'''

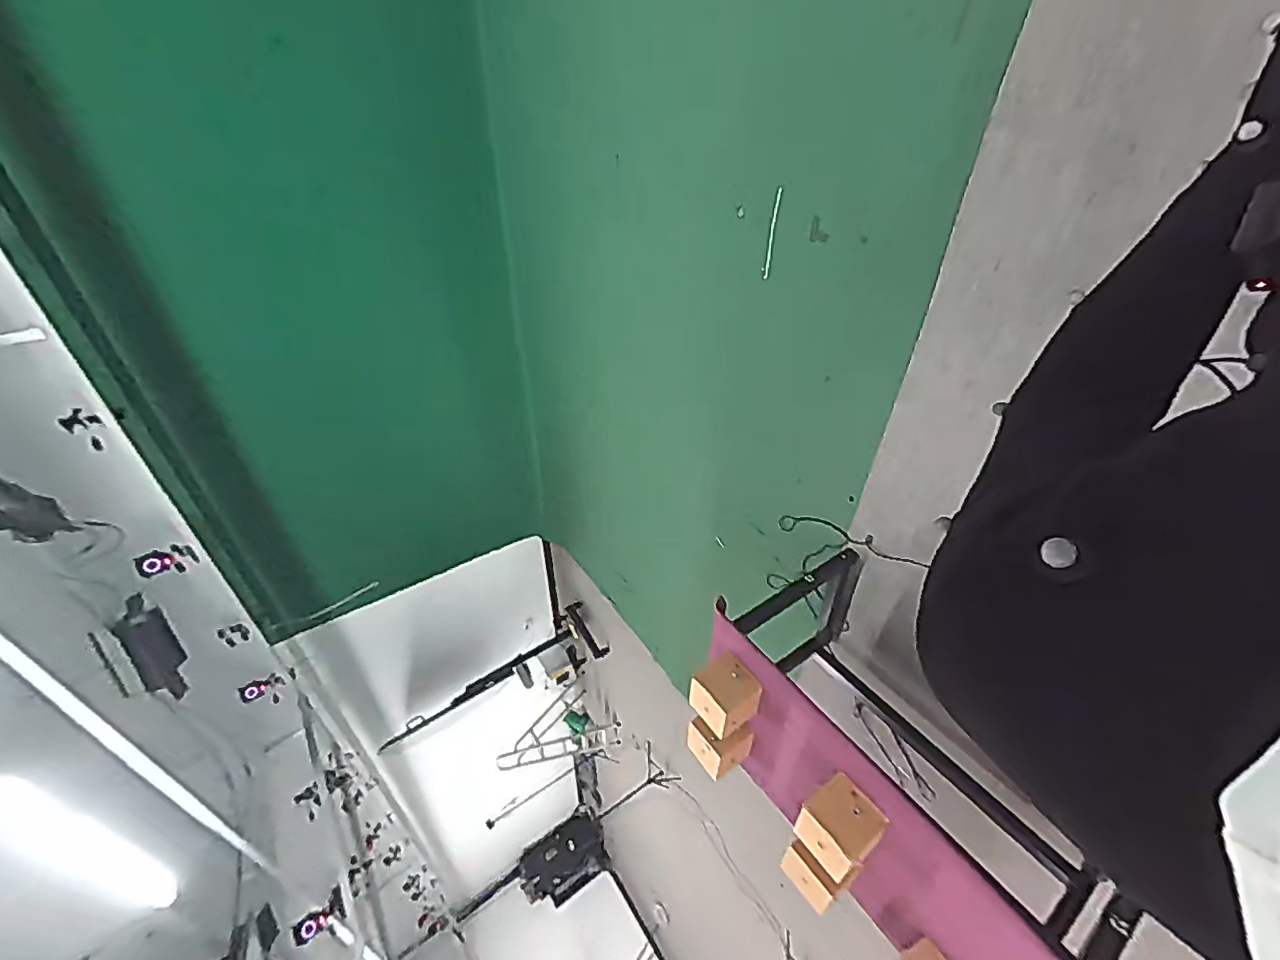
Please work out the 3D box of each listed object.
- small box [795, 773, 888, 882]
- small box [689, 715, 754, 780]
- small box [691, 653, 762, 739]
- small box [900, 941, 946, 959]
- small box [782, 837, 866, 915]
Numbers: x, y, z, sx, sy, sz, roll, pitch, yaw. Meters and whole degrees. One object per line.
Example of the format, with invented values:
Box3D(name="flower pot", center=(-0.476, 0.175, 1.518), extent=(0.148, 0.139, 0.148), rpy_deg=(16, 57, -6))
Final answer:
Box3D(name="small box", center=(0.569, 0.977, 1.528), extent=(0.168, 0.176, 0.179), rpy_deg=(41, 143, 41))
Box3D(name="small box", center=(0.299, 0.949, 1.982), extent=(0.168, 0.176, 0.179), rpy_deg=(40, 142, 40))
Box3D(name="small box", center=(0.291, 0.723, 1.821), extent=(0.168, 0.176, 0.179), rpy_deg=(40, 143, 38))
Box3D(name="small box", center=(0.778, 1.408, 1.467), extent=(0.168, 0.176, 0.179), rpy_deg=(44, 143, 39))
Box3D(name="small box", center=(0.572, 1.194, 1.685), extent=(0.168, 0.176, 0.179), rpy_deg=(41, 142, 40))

'''

**What the task asks:** Among the records, find every line holding the word "object" and copy it.

**Exercise answer:**
Please work out the 3D box of each listed object.
Numbers: x, y, z, sx, sy, sz, roll, pitch, yaw. Meters and whole degrees. One object per line.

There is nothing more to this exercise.